(Source records)
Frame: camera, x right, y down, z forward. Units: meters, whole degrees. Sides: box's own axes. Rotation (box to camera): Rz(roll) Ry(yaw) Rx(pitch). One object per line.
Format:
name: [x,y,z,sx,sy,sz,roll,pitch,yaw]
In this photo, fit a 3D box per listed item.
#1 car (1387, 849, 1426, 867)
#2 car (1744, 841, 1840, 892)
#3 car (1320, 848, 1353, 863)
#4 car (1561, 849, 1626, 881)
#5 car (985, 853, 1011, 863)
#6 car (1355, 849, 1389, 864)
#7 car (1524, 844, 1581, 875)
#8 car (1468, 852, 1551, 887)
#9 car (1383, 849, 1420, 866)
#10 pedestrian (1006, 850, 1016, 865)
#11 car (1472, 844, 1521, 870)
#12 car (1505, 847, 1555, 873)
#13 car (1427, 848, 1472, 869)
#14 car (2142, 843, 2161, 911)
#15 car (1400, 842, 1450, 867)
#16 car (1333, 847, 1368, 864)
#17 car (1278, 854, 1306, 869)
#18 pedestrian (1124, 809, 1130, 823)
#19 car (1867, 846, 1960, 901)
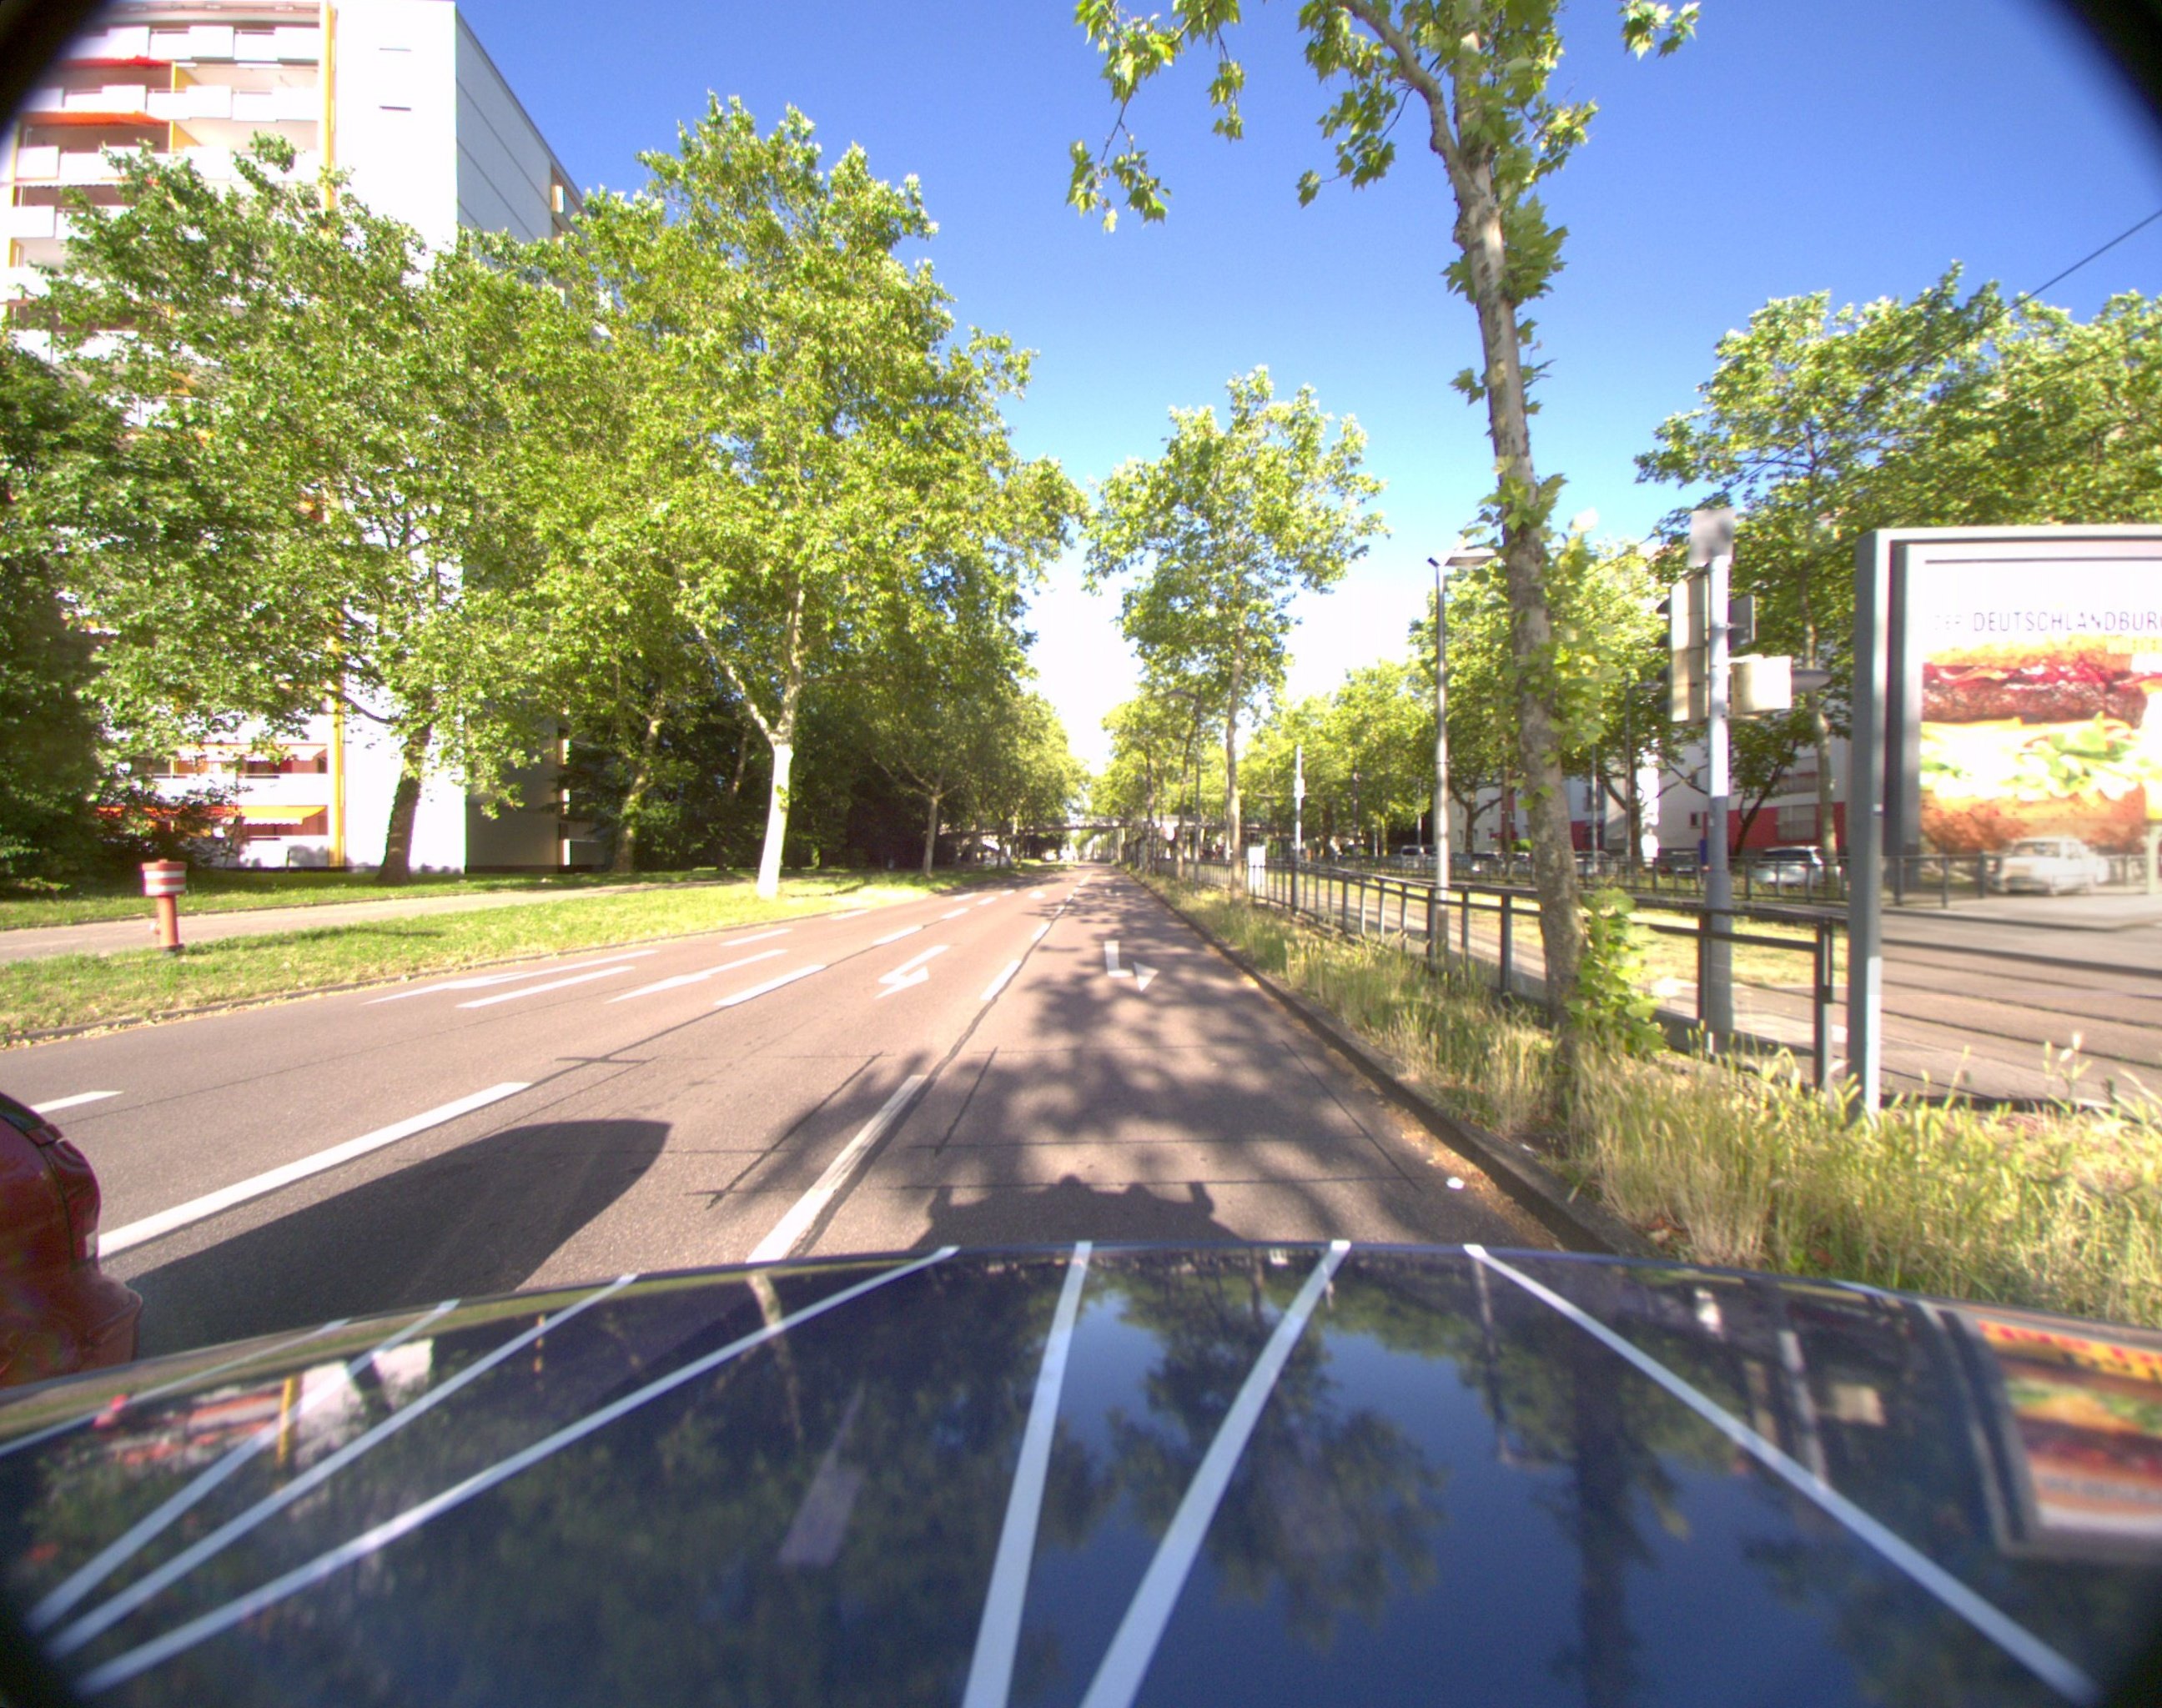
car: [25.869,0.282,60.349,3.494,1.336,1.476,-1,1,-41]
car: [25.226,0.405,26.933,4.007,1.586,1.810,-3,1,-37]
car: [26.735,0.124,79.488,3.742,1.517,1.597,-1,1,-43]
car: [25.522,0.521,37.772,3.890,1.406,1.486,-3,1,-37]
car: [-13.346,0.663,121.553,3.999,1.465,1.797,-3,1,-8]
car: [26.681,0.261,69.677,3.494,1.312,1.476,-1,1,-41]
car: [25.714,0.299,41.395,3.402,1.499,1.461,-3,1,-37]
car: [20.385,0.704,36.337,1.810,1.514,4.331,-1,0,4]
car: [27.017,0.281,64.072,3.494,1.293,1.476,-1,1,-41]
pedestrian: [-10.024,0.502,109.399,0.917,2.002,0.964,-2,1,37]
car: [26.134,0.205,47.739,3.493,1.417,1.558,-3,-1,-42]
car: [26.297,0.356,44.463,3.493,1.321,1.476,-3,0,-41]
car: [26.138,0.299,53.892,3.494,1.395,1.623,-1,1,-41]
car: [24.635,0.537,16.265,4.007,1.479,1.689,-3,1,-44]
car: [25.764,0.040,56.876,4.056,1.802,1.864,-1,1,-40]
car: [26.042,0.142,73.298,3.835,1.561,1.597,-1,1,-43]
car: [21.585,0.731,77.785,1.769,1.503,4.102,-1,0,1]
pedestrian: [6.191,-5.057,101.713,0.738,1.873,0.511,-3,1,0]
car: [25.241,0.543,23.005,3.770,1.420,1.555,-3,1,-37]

---

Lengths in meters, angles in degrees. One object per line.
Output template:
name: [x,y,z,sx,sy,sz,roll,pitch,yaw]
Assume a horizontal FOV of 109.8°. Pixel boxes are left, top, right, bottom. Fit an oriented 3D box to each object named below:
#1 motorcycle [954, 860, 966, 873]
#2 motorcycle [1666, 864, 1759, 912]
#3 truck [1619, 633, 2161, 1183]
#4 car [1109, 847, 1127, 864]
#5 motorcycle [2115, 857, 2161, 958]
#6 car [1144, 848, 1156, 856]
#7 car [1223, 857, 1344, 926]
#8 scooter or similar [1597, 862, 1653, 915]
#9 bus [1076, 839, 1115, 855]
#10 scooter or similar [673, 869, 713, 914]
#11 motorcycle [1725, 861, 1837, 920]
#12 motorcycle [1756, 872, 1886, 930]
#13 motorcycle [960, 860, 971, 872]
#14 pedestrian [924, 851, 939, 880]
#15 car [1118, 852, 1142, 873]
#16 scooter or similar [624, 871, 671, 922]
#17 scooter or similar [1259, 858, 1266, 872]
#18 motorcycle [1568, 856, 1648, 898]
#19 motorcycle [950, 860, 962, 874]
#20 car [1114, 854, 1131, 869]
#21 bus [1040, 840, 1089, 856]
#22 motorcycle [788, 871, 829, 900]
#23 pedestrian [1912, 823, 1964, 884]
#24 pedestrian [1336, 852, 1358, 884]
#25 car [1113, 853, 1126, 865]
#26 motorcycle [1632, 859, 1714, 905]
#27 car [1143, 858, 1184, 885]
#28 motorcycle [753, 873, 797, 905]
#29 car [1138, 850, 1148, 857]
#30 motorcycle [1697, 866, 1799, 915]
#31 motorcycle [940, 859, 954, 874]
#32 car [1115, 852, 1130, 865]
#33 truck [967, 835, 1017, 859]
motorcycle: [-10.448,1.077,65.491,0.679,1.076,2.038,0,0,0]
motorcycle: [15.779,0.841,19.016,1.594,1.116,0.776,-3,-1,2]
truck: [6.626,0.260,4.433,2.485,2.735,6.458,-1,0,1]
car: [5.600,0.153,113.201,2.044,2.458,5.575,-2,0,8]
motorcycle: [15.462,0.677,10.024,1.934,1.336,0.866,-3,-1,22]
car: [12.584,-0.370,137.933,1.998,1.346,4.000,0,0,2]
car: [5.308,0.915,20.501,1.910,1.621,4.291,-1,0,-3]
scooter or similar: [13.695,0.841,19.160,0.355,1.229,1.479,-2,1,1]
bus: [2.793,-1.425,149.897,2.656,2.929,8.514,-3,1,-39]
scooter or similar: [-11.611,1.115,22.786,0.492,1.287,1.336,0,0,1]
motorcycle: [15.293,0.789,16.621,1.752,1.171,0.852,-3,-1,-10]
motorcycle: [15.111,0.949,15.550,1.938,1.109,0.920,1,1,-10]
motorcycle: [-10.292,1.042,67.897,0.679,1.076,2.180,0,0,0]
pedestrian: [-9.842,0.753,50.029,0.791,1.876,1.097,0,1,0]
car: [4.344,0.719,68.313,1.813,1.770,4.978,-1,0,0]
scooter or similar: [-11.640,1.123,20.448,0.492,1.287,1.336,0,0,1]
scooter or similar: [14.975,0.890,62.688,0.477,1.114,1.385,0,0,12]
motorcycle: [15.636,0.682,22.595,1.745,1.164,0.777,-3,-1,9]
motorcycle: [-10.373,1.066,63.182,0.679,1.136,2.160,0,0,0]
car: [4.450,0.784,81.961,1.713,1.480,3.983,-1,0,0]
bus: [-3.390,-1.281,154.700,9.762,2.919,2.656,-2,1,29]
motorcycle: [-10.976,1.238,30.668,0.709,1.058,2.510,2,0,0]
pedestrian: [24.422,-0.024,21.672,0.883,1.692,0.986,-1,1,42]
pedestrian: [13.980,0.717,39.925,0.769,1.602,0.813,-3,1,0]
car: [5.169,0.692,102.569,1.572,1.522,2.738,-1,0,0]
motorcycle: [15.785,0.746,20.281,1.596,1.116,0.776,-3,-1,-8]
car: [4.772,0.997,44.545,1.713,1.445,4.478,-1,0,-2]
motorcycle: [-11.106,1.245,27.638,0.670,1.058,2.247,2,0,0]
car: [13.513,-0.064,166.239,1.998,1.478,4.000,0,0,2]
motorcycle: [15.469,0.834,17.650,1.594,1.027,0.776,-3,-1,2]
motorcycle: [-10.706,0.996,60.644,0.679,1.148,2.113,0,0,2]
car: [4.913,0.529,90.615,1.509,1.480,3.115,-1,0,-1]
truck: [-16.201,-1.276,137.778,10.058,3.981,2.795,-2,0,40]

**Assigned task**
Working from the records above, write out verbatim only the lines from the line containing "#7 car (1524, 844, 1581, 875)" through the line containing "#18 pedestrian (1124, 809, 1130, 823)".

**Task response**
#7 car (1524, 844, 1581, 875)
#8 car (1468, 852, 1551, 887)
#9 car (1383, 849, 1420, 866)
#10 pedestrian (1006, 850, 1016, 865)
#11 car (1472, 844, 1521, 870)
#12 car (1505, 847, 1555, 873)
#13 car (1427, 848, 1472, 869)
#14 car (2142, 843, 2161, 911)
#15 car (1400, 842, 1450, 867)
#16 car (1333, 847, 1368, 864)
#17 car (1278, 854, 1306, 869)
#18 pedestrian (1124, 809, 1130, 823)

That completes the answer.